Accession Number : ADA191688
Title : Effectiveness Evaluation of Fault-Tolerant Multiprocessor Systems.
Descriptive Note : Final rept. 1 Oct 83-30 Aug 87,
Corporate Author : DUKE UNIV DURHAM NC DEPT OF COMPUTER SCIENCE
Personal Author(s) : Trivedi, Kishor S
PDF Url : ADA191688
Report Date : 27 Jan 1988
Pagination or Media Count : 5
Abstract : An important area of research is in the analysis of the coverage of a fault tolerant system, that is, the probability that the system can recover from a fault. The author has studied a variety of models, from simple phase-type models to very complex stochastic Petri net models, and has investigated solution techniques for each model type. His methodology allows consideration of external events that can interfere with recovery, such as a hard limit on recovery time, or the occurrence of a second near-coincident fault. It was discovered that a policy of attempting transient recovery upon detection of an error (as opposed to automatically reconfiguring the affected component out of the system) may actually increase the unreliability of the system. This result holds if the error detectability is not nearly perfect, so that the risk of producing an undetectable error (if the transient error is present) is greater than the benefit gained by not discarding the component. Keywords: Bibliographies.
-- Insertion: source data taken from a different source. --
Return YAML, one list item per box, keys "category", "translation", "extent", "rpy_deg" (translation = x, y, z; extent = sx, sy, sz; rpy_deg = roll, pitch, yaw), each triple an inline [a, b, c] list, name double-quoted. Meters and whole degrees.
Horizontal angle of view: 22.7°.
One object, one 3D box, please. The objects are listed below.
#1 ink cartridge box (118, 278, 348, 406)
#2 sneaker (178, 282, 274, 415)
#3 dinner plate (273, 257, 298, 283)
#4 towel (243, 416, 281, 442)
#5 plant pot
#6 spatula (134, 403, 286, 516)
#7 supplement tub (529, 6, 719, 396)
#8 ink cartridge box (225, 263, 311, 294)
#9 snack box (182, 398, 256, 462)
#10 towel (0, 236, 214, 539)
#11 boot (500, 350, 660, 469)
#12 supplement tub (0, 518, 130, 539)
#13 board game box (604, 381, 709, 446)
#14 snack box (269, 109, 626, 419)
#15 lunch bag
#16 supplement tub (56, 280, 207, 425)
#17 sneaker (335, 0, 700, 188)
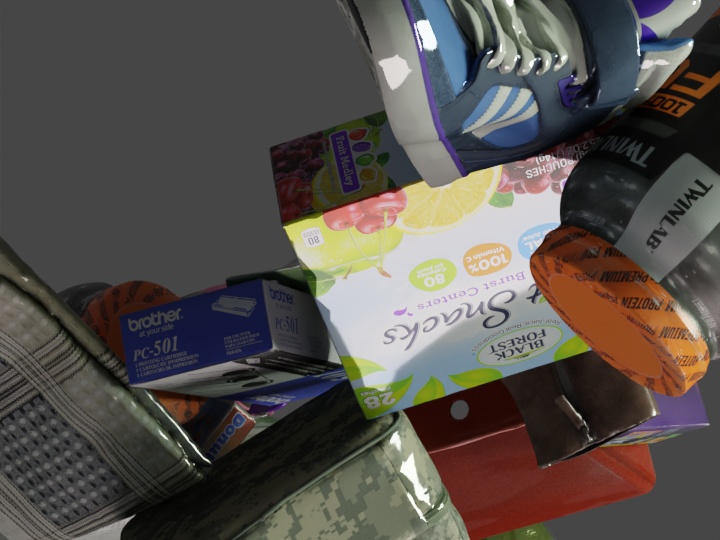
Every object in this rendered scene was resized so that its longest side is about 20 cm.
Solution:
- category: "ink cartridge box"
  translation: [-0.057, 0.047, 1.087]
  extent: [0.093, 0.045, 0.200]
  rpy_deg: [-14, 168, 18]
- category: "sneaker"
  translation: [-0.100, 0.067, 1.287]
  extent: [0.078, 0.096, 0.200]
  rpy_deg: [-14, 167, 11]
- category: "dinner plate"
  translation: [0.000, 0.000, 1.223]
  extent: [0.199, 0.024, 0.200]
  rpy_deg: [-22, 165, -6]
- category: "towel"
  translation: [-0.108, 0.131, 1.340]
  extent: [0.148, 0.031, 0.199]
  rpy_deg: [0, -170, -42]
- category: "plant pot"
  translation: [0.098, 0.090, 1.423]
  extent: [0.199, 0.201, 0.176]
  rpy_deg: [-18, 158, 18]
- category: "spatula"
  translation: [-0.095, 0.115, 1.225]
  extent: [0.200, 0.021, 0.056]
  rpy_deg: [-44, -165, -31]
- category: "supplement tub"
  translation: [0.179, -0.045, 0.847]
  extent: [0.200, 0.122, 0.123]
  rpy_deg: [-47, 174, -12]
- category: "ink cartridge box"
  translation: [0.014, -0.027, 1.071]
  extent: [0.198, 0.060, 0.104]
  rpy_deg: [-11, 168, -5]
- category: "snack box"
  translation: [-0.141, 0.108, 1.228]
  extent: [0.072, 0.024, 0.200]
  rpy_deg: [-51, -155, -14]
- category: "towel"
  translation: [-0.211, 0.084, 1.072]
  extent: [0.192, 0.200, 0.035]
  rpy_deg: [-25, -156, 41]
- category: "boot"
  translation: [0.158, 0.016, 1.145]
  extent: [0.200, 0.167, 0.072]
  rpy_deg: [-35, 161, 32]
- category: "supplement tub"
  translation: [-0.213, 0.160, 1.490]
  extent: [0.199, 0.133, 0.132]
  rpy_deg: [-8, 166, -28]
- category: "board game box"
  translation: [0.185, 0.047, 1.356]
  extent: [0.056, 0.166, 0.200]
  rpy_deg: [-22, 166, 29]
- category: "snack box"
  translation: [0.070, -0.019, 0.972]
  extent: [0.199, 0.068, 0.169]
  rpy_deg: [-16, 136, 4]
- category: "lunch bag"
  translation: [-0.027, 0.188, 1.077]
  extent: [0.199, 0.168, 0.139]
  rpy_deg: [-33, -165, -7]
- category: "supplement tub"
  translation: [-0.196, 0.083, 1.176]
  extent: [0.199, 0.123, 0.122]
  rpy_deg: [-25, 164, 40]
- category: "sneaker"
  translation: [0.073, -0.107, 0.769]
  extent: [0.146, 0.081, 0.200]
  rpy_deg: [-25, 163, 4]
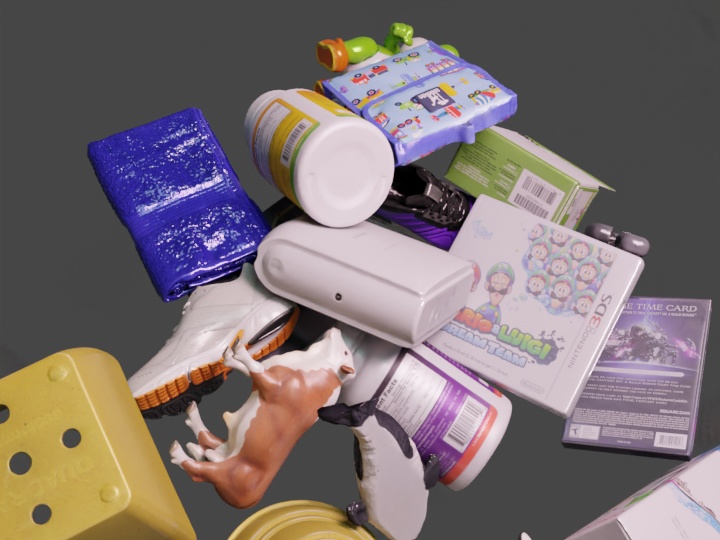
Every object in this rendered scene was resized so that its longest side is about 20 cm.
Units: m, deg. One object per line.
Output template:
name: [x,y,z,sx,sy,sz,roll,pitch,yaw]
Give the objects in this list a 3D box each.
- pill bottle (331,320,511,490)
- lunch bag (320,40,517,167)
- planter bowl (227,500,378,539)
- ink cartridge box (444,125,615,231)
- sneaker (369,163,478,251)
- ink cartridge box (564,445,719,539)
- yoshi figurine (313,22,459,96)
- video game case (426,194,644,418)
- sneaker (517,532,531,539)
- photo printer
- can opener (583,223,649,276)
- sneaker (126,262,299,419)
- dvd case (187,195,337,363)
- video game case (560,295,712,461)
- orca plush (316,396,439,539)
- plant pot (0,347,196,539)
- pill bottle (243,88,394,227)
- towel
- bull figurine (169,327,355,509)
pill bottle: [0.047,0.126,1.100,0.198,0.112,0.112,35,57,-1]
lunch bag: [0.068,-0.167,1.167,0.149,0.096,0.200,-23,29,-18]
planter bowl: [-0.039,0.304,0.993,0.197,0.084,0.204,9,62,-16]
ink cartridge box: [0.209,-0.104,1.275,0.147,0.077,0.199,35,16,22]
sneaker: [0.079,-0.074,1.213,0.197,0.100,0.071,18,76,-9]
ink cartridge box: [0.333,0.294,1.105,0.198,0.147,0.148,-22,74,-29]
yoshi figurine: [0.048,-0.236,1.293,0.197,0.112,0.114,-12,79,-28]
video game case: [0.170,0.032,1.126,0.198,0.024,0.184,24,77,27]
sneaker: [0.110,0.323,1.055,0.197,0.074,0.081,-11,63,-34]
photo printer: [0.000,0.000,1.089,0.197,0.071,0.166,21,19,20]
can opener: [0.291,-0.023,1.242,0.066,0.200,0.054,19,95,9]
sneaker: [-0.162,0.068,1.073,0.198,0.076,0.092,-32,64,-22]
dvd case: [-0.082,0.008,1.166,0.149,0.016,0.199,47,58,7]
video game case: [0.316,0.116,1.213,0.140,0.019,0.202,2,53,27]
orca plush: [0.008,0.184,1.041,0.105,0.200,0.071,-43,41,-4]
plant pot: [-0.267,0.175,0.889,0.197,0.177,0.202,-25,74,-15]
pill bottle: [-0.054,-0.130,1.141,0.109,0.113,0.200,-9,25,-24]
towel: [-0.188,-0.078,1.139,0.146,0.050,0.202,-22,69,-28]
bull figurine: [-0.092,0.132,1.021,0.120,0.065,0.202,32,92,-13]
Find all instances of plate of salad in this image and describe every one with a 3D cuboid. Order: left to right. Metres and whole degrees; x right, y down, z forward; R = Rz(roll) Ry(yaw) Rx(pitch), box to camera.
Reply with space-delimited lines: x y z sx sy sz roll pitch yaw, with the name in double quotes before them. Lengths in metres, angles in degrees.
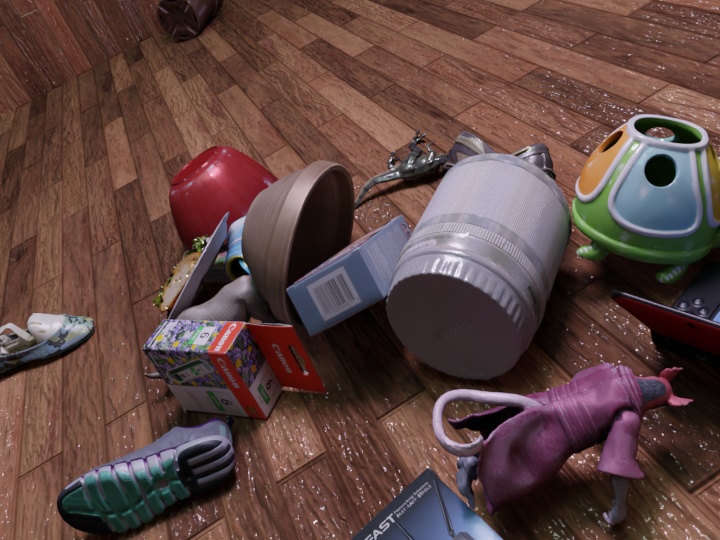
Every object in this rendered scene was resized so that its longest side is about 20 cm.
"plate of salad" -0.238 0.004 0.971 0.203 0.047 0.201 -60 9 16

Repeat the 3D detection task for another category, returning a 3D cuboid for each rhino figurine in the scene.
"rhino figurine" -0.191 0.078 0.896 0.197 0.089 0.060 -32 33 -4

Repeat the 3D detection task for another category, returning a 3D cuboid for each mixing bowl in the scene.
"mixing bowl" -0.240 -0.129 1.146 0.197 0.109 0.202 -30 26 16

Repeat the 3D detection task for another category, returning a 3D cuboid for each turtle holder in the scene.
"turtle holder" 0.311 -0.074 0.708 0.183 0.135 0.139 30 43 33

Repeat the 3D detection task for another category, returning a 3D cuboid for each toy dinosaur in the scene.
"toy dinosaur" 0.073 -0.164 1.083 0.195 0.048 0.090 -20 41 15

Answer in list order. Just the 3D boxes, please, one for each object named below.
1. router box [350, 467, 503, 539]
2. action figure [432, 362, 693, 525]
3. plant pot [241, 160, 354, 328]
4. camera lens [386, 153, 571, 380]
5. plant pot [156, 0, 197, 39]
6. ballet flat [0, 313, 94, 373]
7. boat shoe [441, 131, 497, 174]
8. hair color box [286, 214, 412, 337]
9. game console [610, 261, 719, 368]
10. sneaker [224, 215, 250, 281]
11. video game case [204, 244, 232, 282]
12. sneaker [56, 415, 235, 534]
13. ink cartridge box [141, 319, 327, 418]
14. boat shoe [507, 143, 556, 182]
"router box" 0.034 0.269 0.523 0.198 0.063 0.149 -38 35 -16
"action figure" 0.166 0.114 0.570 0.196 0.151 0.135 -26 29 11
"plant pot" -0.085 -0.039 0.865 0.090 0.204 0.203 15 47 17
"camera lens" 0.128 -0.011 0.740 0.156 0.162 0.202 1 42 33
"plant pot" -0.576 -0.890 2.337 0.195 0.202 0.202 -9 45 22
"ballet flat" -0.514 0.105 1.089 0.195 0.075 0.075 -23 34 4
"boat shoe" 0.180 -0.114 0.939 0.074 0.074 0.200 -51 39 7
"hair color box" 0.000 0.000 0.809 0.097 0.062 0.200 -28 4 21
"game console" 0.342 0.033 0.582 0.172 0.120 0.198 -41 38 -22
"sneaker" -0.104 -0.040 0.970 0.196 0.080 0.132 -26 31 17
"video game case" -0.150 -0.050 1.096 0.195 0.022 0.184 -1 42 32
"sneaker" -0.228 0.220 0.769 0.195 0.076 0.088 -17 18 -1
"ink cartridge box" -0.145 0.114 0.800 0.195 0.111 0.051 -1 40 32
"boat shoe" 0.154 -0.093 0.866 0.199 0.070 0.062 -21 61 46
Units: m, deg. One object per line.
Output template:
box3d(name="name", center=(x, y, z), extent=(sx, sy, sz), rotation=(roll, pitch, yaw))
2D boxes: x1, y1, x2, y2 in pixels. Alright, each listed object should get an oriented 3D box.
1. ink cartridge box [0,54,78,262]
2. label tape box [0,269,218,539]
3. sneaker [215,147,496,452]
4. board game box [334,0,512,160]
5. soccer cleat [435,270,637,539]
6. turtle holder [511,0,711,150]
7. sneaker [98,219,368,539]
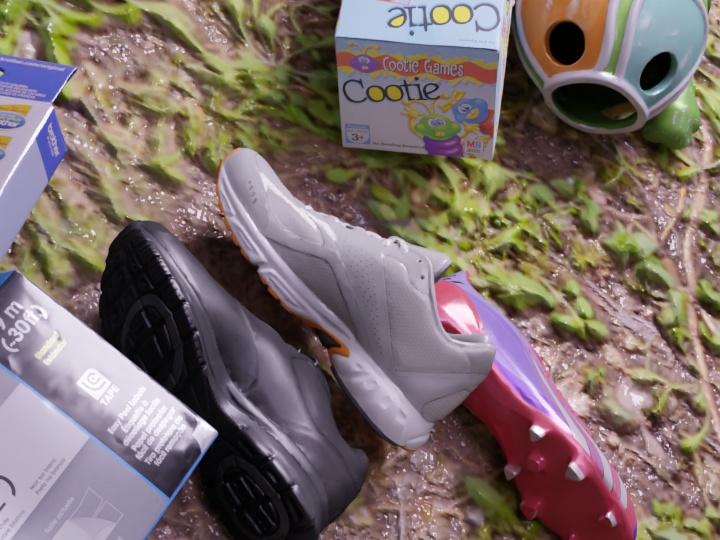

Descriptors : *FAULT TOLERANT COMPUTING, *MULTIPROCESSORS, DETECTION, ERRORS, EXTERNAL, FAULTS, LIMITATIONS, MODELS, RECOVERY, RISK, SOLUTIONS(GENERAL), TIME, TOLERANCE, TRANSIENTS, PERFORMANCE(ENGINEERING), COMPUTER PROGRAMS
Subject Categories : Computer Programming and Software
Distribution Statement : APPROVED FOR PUBLIC RELEASE